Although, it's difficult to specifically choose one over the other, with the increasing popularity of gRPC, and the fact that it's still in early stages of development, the general trend {% cite trendrpcthrift --file rpc %} over the past year has started to shift in favor of gRPC and it's giving Thrift a run for its money. It may not be a useful metric, but on average gRPC was searched for three times more frequently than Thrift {% cite trendrpcthrift --file rpc %}.

**Note:** This comparison was performed in December 2016 so the results are expected to change over time.

## Applications

Since its inception, various papers have been published on applying the RPC paradigm to different domains, as well as using RPC implementations to create new systems. Here are some of applications and systems that incorporate RPC.

#### Shared State and Persistence Layer

One major limitation (and advantage) of RPC is considered the separate *address space* of all the machines in the network. This means that *pointers* or *references* to a data object cannot be passed between the caller and the callee. Therefore, Interweave {% cite interweave2 interweave1 interweave3 --file rpc %} is a *middleware* system that allows scalable sharing of arbitrary datatypes and language-independent processes running on heterogeneous hardware. Interweave is specifically designed and is compatible with RPC-based systems and allows easier access to the shared resources between different applications using memory blocks and locks.

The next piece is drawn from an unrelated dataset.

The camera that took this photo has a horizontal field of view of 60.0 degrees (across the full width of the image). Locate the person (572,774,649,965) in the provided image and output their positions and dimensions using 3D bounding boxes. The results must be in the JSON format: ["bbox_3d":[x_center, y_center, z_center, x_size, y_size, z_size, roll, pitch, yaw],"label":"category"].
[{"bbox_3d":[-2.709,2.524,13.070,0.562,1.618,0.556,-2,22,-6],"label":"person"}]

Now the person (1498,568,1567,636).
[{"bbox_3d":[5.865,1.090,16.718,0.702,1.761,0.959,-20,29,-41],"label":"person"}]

Although research has been done in order to ensure a global shared state for an RPC-based system, these systems tend to take away the sense of independence and modularity between the *caller* and the *callee* by using a shared storage instead of a separate *address space*.

#### GridRPC

Grid computing is one of the most widely used applications of the RPC paradigm. At a high level, it can be seen as a mesh (or a network) of computers connected with each other to form a *grid* such that each system can leverage resources from any other system in the network.

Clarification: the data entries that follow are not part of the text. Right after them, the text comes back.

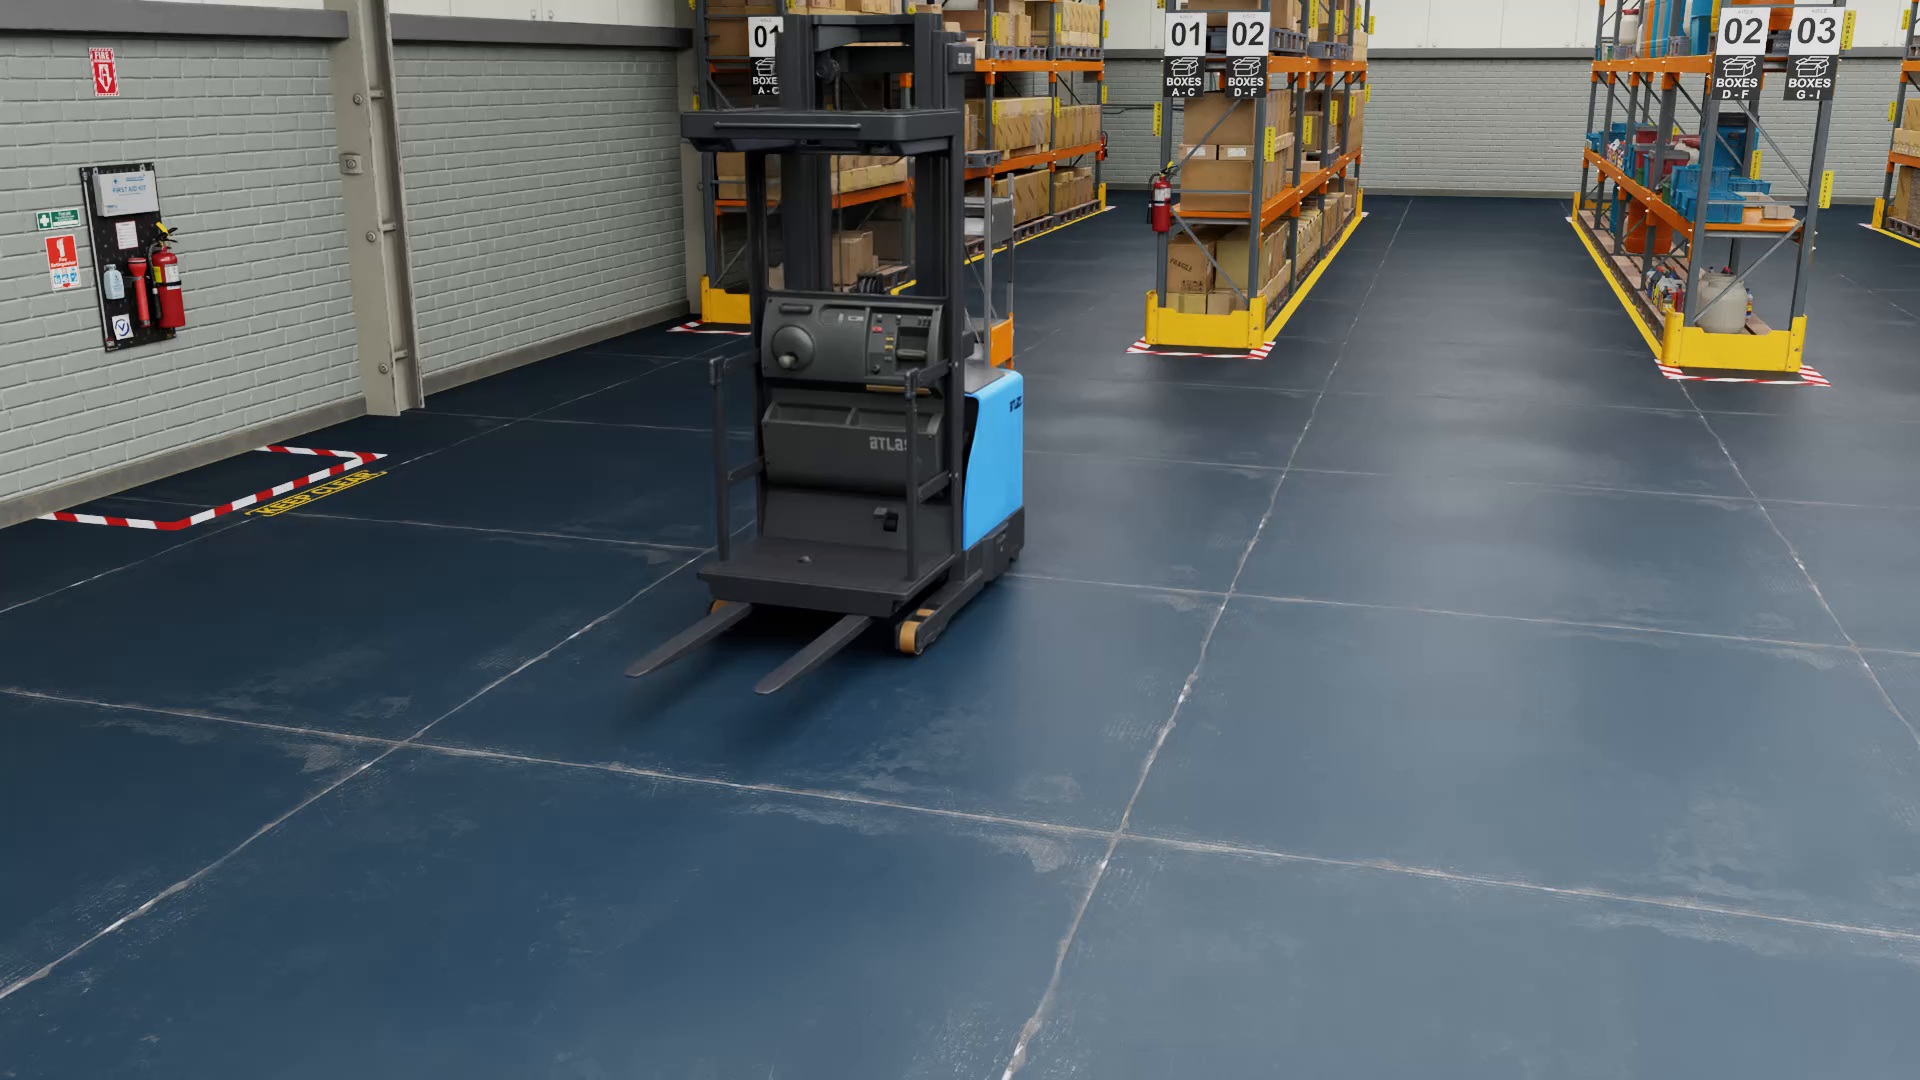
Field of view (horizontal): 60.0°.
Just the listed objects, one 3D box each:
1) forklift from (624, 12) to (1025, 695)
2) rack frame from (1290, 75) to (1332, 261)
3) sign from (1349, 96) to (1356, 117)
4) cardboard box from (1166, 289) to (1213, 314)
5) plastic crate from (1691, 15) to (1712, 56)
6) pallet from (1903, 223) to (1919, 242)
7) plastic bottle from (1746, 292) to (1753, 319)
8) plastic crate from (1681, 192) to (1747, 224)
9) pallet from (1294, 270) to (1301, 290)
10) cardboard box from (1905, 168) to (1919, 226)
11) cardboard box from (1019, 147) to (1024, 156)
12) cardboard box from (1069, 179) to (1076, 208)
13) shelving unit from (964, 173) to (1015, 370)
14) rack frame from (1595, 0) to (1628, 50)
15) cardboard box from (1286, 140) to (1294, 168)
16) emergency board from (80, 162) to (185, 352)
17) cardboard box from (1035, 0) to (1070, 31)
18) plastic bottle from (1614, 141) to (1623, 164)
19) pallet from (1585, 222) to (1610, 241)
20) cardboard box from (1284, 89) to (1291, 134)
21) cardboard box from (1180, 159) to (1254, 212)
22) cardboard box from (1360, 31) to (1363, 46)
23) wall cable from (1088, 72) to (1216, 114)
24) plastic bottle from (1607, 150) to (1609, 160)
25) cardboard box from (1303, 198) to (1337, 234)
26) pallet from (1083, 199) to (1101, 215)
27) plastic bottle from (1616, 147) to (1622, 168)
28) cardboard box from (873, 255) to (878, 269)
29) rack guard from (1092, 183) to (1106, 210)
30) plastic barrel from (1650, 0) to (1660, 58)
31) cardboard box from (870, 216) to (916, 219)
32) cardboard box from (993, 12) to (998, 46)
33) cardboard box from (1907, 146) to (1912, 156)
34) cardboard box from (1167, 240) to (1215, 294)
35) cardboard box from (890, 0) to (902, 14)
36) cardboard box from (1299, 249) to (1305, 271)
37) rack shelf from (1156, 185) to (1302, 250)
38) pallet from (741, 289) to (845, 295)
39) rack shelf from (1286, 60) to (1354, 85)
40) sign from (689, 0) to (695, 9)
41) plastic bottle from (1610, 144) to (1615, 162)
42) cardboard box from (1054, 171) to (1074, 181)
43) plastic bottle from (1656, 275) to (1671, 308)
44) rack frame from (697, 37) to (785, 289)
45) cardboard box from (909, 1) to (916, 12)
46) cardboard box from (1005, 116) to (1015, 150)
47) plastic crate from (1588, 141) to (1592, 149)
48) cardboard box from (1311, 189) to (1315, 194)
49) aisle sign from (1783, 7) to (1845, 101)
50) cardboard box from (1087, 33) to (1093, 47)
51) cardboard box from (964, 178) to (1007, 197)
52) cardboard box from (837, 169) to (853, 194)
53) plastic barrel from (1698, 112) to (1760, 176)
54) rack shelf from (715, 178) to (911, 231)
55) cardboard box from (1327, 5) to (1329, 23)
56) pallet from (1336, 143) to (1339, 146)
[{"bbox_3d":[-0.602,-0.987,7.937,1.130,2.935,3.031,5,17,19],"label":"forklift"},{"bbox_3d":[4.752,-5.529,23.824,1.000,3.000,0.127,5,16,16],"label":"rack frame"},{"bbox_3d":[6.422,-7.090,27.207,0.100,0.325,0.005,5,16,16],"label":"sign"},{"bbox_3d":[2.347,-2.478,17.338,0.500,0.250,0.500,5,16,16],"label":"cardboard box"},{"bbox_3d":[7.480,-5.008,16.521,0.392,0.384,0.575,5,16,16],"label":"plastic crate"},{"bbox_3d":[16.021,-4.977,26.991,1.003,0.211,1.213,5,16,16],"label":"pallet"},{"bbox_3d":[8.040,-2.400,16.987,0.097,0.271,0.097,0,16,0],"label":"plastic bottle"},{"bbox_3d":[7.082,-3.133,15.651,0.499,0.251,0.616,5,16,16],"label":"plastic crate"},{"bbox_3d":[3.787,-3.336,21.205,1.003,0.211,1.213,5,16,16],"label":"pallet"},{"bbox_3d":[16.158,-5.621,27.272,0.875,0.875,0.875,5,16,16],"label":"cardboard box"},{"bbox_3d":[0.824,-6.339,27.105,0.380,0.149,0.250,5,17,18],"label":"cardboard box"},{"bbox_3d":[1.743,-6.411,30.745,0.700,0.500,0.500,5,17,17],"label":"cardboard box"},{"bbox_3d":[0.047,-1.053,9.696,0.431,2.100,0.503,5,16,16],"label":"shelving unit"},{"bbox_3d":[11.773,-10.123,29.027,1.000,3.000,0.127,5,16,16],"label":"rack frame"},{"bbox_3d":[3.999,-4.868,21.311,0.500,0.500,0.500,6,17,20],"label":"cardboard box"},{"bbox_3d":[-5.347,-1.856,10.875,0.194,1.169,0.643,5,16,16],"label":"emergency board"},{"bbox_3d":[1.609,-9.105,28.883,0.500,0.500,0.500,4,16,15],"label":"cardboard box"},{"bbox_3d":[9.706,-5.679,24.446,0.144,0.351,0.185,5,16,16],"label":"plastic bottle"},{"bbox_3d":[10.808,-5.044,27.225,1.003,0.211,1.213,5,16,16],"label":"pallet"},{"bbox_3d":[3.495,-5.038,19.533,0.700,0.500,0.500,5,17,16],"label":"cardboard box"},{"bbox_3d":[2.623,-3.605,16.858,0.700,0.500,0.500,5,16,16],"label":"cardboard box"},{"bbox_3d":[6.700,-8.686,28.818,0.500,0.250,0.500,5,16,16],"label":"cardboard box"},{"bbox_3d":[4.225,-10.849,37.278,3.097,2.526,0.112,5,16,16],"label":"wall cable"},{"bbox_3d":[10.070,-5.965,25.727,0.097,0.201,0.097,0,16,0],"label":"plastic bottle"},{"bbox_3d":[5.589,-5.040,25.875,0.500,0.500,0.500,4,16,14],"label":"cardboard box"},{"bbox_3d":[2.122,-6.448,32.176,1.003,0.211,1.213,5,16,16],"label":"pallet"},{"bbox_3d":[9.530,-5.525,24.026,0.061,0.283,0.133,5,16,16],"label":"plastic bottle"},{"bbox_3d":[-1.259,-3.572,21.310,0.380,0.166,0.250,2,16,9],"label":"cardboard box"},{"bbox_3d":[2.281,-6.808,32.917,1.175,0.500,0.348,5,16,16],"label":"rack guard"},{"bbox_3d":[8.671,-6.273,20.034,0.600,0.901,0.708,5,16,16],"label":"plastic barrel"},{"bbox_3d":[-0.844,-4.207,22.940,0.700,0.500,0.500,4,16,15],"label":"cardboard box"},{"bbox_3d":[0.184,-7.889,25.658,0.700,0.500,0.500,4,16,13],"label":"cardboard box"},{"bbox_3d":[15.814,-6.395,27.340,0.380,0.149,0.250,4,16,15],"label":"cardboard box"},{"bbox_3d":[2.345,-2.839,17.237,0.500,0.500,0.500,5,16,16],"label":"cardboard box"},{"bbox_3d":[-1.018,-6.695,20.387,0.500,0.500,0.500,3,16,11],"label":"cardboard box"},{"bbox_3d":[4.114,-3.581,21.228,0.500,0.250,0.500,5,17,17],"label":"cardboard box"},{"bbox_3d":[3.047,-3.613,18.388,1.077,0.370,4.000,5,16,16],"label":"rack shelf"},{"bbox_3d":[-1.986,-2.707,18.986,1.003,0.211,1.213,5,16,16],"label":"pallet"},{"bbox_3d":[5.320,-7.149,25.358,1.077,0.370,4.000,5,16,16],"label":"rack shelf"},{"bbox_3d":[-2.799,-5.736,17.436,0.100,0.325,0.005,5,16,16],"label":"sign"},{"bbox_3d":[9.871,-5.839,25.131,0.061,0.283,0.133,5,16,16],"label":"plastic bottle"},{"bbox_3d":[1.869,-6.670,30.469,0.380,0.149,0.250,4,16,14],"label":"cardboard box"},{"bbox_3d":[7.508,-2.646,17.709,0.144,0.351,0.185,5,17,18],"label":"plastic bottle"},{"bbox_3d":[-2.272,-3.819,17.796,1.000,3.000,0.127,5,16,16],"label":"rack frame"},{"bbox_3d":[-0.903,-6.695,21.488,0.500,0.500,0.500,7,17,24],"label":"cardboard box"},{"bbox_3d":[0.542,-6.356,25.977,0.500,0.500,0.500,5,17,18],"label":"cardboard box"},{"bbox_3d":[11.024,-6.844,28.837,0.250,0.136,0.298,5,16,16],"label":"plastic crate"},{"bbox_3d":[5.778,-5.755,28.398,0.500,0.500,0.500,5,16,16],"label":"cardboard box"},{"bbox_3d":[7.487,-4.260,14.586,0.394,0.787,0.004,5,16,16],"label":"aisle sign"},{"bbox_3d":[2.174,-9.277,30.866,0.500,0.250,0.500,4,16,14],"label":"cardboard box"},{"bbox_3d":[0.336,-5.262,26.053,0.750,0.750,0.750,4,16,15],"label":"cardboard box"},{"bbox_3d":[-1.545,-4.129,19.128,0.500,0.250,0.500,4,16,15],"label":"cardboard box"},{"bbox_3d":[8.763,-4.416,18.982,0.600,0.901,0.708,5,16,16],"label":"plastic barrel"},{"bbox_3d":[-1.704,-3.996,19.739,1.077,0.370,4.000,5,16,16],"label":"rack shelf"},{"bbox_3d":[5.298,-7.841,25.344,0.600,0.600,0.600,4,16,14],"label":"cardboard box"},{"bbox_3d":[5.557,-6.282,26.833,1.003,0.211,1.213,5,16,16],"label":"pallet"}]

In the GridRPC paradigm, each computer in the network can act as the *caller* or the *callee* depending on the amount of resources required {% cite grid1 --file rpc %}. It's also possible for the same computer to act as the *caller* as well as the *callee* for *different* computations.

Some of the most popular implementations that allow one to have GridRPC-compliant middleware are GridSolve {% cite gridsolve1 gridsolve2 --file rpc %} and Ninf-G {% cite ninf --file rpc %}. Ninf is relatively older than GridSolve and was first published in the late 1990's. It's a simple RPC layer that also provides authentication and secure communication between the two parties. GridSolve, on the other hand, is relatively complex and provides a middleware for the communications using a client-agent-server model.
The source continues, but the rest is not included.